As such, the Loop Invariant can be seen as the cornerstone of code writing. However, the issue is that it relies on an abstract reflection that might confuse students who may not have the desired abstract background, specially if the Loop Invariant is expressed as a logical assertion.

To ensure students follow a strict programming methodology despite their (potential) gaps, we propose a Graphical Loop Invariant (GLI — see the figure above illustrating the process of building a GLI for the problem of multiplying all integers in the range [a,b]). The GLI informally describes, at least, variables, constant(s), and data structures handled by the program; their properties; the relationships they may share, and that are preserved over all the iterations. The goal behind is to generalize what the program must have performed after each iteration. In addition to natural advantages of drawings, the GLI allows the programmer to visually deduce instructions before, during, and after the loop. That approach forges abstraction skills without relying on any mathematical background and lays the foundations for more formal methods where the GLI stands as an intermediate step towards a final formal Loop Invariant (being a logical assertion).

The course provides students with predefined drawing patterns (number line, numbers, terminal, array, etc.) and a set of rules (see rules 1 → 6 on the figure above) for systematically and formally build their GLI).

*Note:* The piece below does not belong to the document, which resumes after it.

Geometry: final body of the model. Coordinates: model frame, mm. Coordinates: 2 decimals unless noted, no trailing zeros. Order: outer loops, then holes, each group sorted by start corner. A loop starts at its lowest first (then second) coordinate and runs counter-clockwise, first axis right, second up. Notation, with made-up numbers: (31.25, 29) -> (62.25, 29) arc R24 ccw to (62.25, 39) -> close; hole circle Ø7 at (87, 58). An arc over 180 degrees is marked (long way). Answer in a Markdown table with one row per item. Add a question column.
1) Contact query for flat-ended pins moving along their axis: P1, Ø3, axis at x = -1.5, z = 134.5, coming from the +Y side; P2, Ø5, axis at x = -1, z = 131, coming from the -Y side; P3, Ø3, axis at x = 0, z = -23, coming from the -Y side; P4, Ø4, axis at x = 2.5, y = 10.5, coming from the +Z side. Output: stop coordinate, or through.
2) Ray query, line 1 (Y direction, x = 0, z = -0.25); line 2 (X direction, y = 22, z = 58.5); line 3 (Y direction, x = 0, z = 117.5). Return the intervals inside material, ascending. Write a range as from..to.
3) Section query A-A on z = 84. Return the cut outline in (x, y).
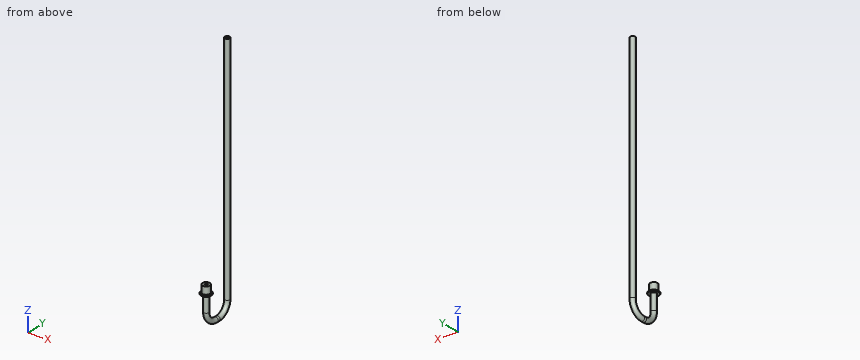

Our programming methodology is supported by the PCA activity and GLIDE, both running on top of CAFÉ 2.0, as illustrated above. To ensure an automatic correction of Programming Challenges on CAFÉ 2.0, students are exposed to an interactive blank GLI they have to complete based on existing proposals (green boxes below) or according to their variables/expressions needs (red boxes below). That drawing is then manipulated to build the code, in a sequence of steps managed by CAFÉ 2.0. GLIDE is used by students for practicing GLI.

Although thinking through drawing is more intuitive and requires less formalization, it also relies on diagrammatic reasoning, which involves abstraction and is therefore an important competence in STEM.